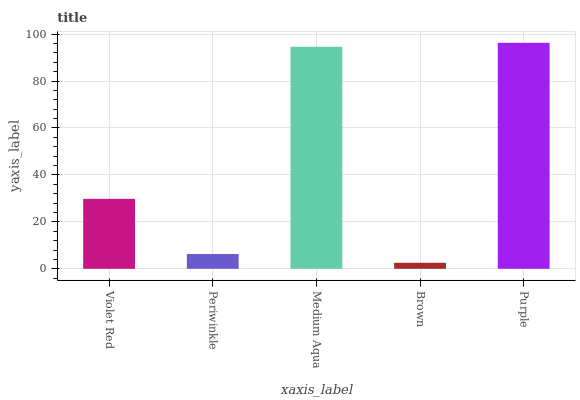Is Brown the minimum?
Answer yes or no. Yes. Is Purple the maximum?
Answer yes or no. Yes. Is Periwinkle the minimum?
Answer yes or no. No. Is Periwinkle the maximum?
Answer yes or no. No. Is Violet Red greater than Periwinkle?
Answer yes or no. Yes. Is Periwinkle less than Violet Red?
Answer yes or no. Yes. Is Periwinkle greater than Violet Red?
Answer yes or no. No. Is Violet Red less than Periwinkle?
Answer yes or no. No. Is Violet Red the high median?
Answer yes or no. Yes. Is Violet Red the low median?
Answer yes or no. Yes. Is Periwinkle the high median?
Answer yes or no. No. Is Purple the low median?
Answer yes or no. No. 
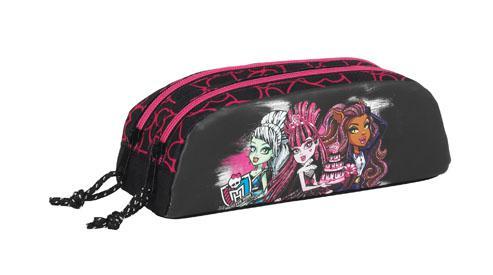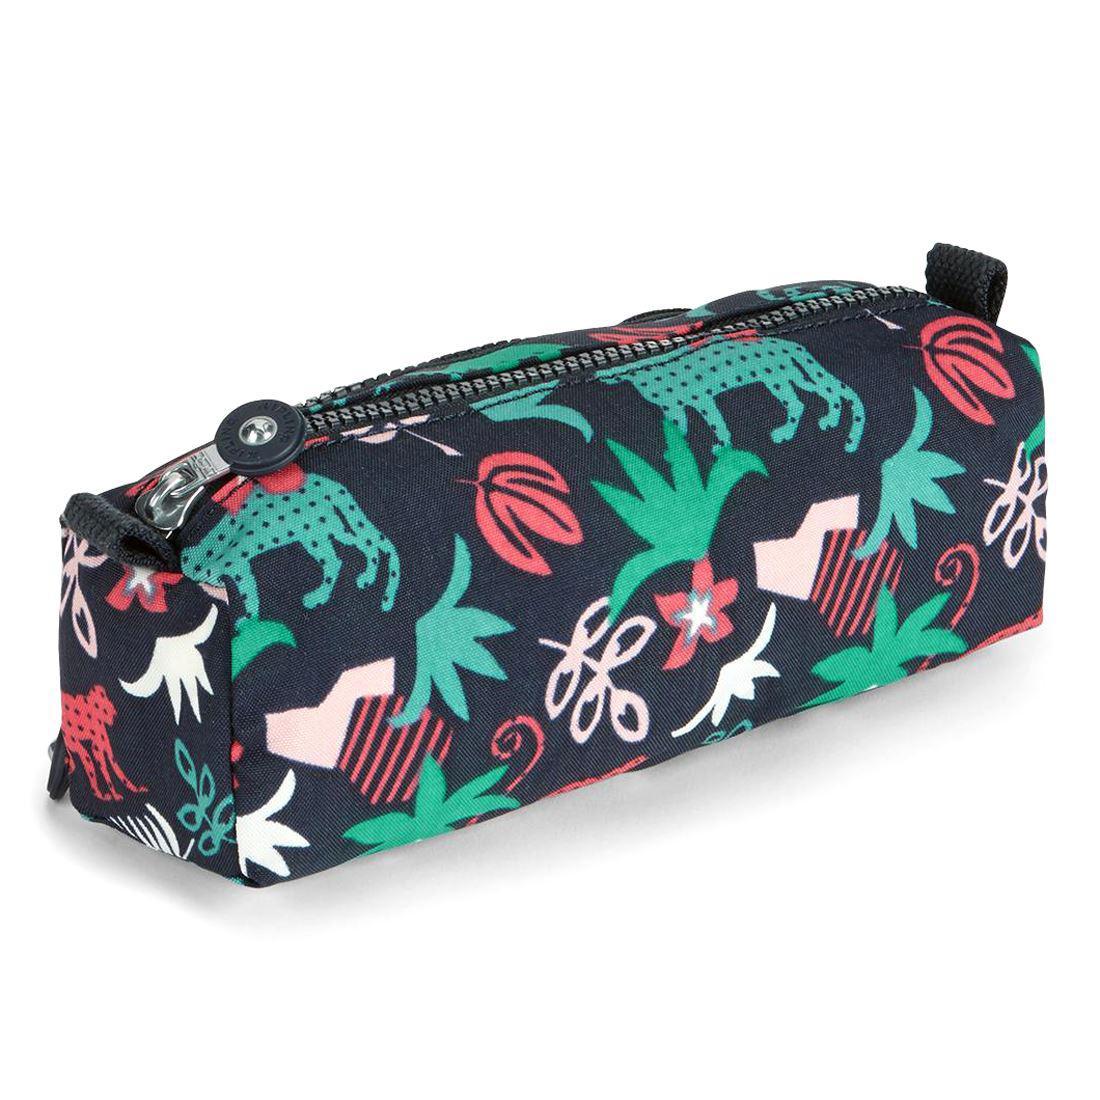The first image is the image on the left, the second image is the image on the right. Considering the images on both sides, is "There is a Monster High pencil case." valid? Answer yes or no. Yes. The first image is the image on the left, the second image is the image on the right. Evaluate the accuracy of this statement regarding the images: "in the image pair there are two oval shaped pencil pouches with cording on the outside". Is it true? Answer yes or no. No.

**Activity**
State how many lines of the listing include "Purple", and nothing more.

**Solution to this problem**
2